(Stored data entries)

-----

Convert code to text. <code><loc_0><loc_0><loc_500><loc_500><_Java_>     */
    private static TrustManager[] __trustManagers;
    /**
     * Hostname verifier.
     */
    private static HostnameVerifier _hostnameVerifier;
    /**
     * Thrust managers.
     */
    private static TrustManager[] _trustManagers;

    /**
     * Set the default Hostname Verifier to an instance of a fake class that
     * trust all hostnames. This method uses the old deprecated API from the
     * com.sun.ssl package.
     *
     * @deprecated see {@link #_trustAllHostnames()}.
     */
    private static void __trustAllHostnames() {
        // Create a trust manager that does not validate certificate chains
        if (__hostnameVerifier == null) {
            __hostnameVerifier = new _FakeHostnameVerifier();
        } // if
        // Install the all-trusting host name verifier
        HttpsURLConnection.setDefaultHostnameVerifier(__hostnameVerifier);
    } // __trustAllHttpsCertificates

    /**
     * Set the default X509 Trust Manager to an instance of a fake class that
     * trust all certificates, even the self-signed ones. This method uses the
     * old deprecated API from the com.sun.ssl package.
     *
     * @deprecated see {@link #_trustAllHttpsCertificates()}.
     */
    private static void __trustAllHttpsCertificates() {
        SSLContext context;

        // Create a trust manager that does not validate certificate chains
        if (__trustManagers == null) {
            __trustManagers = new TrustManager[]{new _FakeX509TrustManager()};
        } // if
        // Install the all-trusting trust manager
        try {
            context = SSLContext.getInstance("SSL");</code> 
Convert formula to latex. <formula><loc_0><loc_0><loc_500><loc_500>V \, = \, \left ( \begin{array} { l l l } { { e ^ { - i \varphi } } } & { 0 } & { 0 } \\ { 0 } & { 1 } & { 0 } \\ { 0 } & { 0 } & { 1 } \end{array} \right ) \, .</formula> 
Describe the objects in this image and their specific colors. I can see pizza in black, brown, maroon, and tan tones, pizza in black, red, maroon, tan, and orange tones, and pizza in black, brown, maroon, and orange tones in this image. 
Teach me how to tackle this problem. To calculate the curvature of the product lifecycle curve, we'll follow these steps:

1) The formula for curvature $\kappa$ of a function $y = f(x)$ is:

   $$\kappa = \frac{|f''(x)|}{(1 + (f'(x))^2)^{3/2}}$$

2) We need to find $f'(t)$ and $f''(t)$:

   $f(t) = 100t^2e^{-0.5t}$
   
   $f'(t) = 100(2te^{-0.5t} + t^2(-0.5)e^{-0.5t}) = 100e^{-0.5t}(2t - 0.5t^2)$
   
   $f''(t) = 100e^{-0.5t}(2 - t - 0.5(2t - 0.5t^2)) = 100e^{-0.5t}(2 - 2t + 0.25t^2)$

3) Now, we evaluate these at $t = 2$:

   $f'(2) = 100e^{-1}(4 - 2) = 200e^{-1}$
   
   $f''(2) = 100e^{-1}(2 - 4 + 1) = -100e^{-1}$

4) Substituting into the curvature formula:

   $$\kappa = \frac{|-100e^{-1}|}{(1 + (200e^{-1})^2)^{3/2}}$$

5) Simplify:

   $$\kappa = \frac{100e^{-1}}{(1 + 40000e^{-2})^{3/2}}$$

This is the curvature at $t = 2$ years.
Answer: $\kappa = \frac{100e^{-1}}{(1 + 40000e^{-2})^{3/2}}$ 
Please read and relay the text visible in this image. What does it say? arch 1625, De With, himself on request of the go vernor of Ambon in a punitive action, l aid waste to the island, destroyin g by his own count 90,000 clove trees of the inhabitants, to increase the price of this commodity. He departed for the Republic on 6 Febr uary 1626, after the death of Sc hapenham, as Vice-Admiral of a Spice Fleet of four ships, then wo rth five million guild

-----

What to work on:
Print the first line of the records above and each line after it, exactly, through the line with "private static TrustManager[] _trustManagers;".

Answer:
Convert code to text. <code><loc_0><loc_0><loc_500><loc_500><_Java_>     */
    private static TrustManager[] __trustManagers;
    /**
     * Hostname verifier.
     */
    private static HostnameVerifier _hostnameVerifier;
    /**
     * Thrust managers.
     */
    private static TrustManager[] _trustManagers;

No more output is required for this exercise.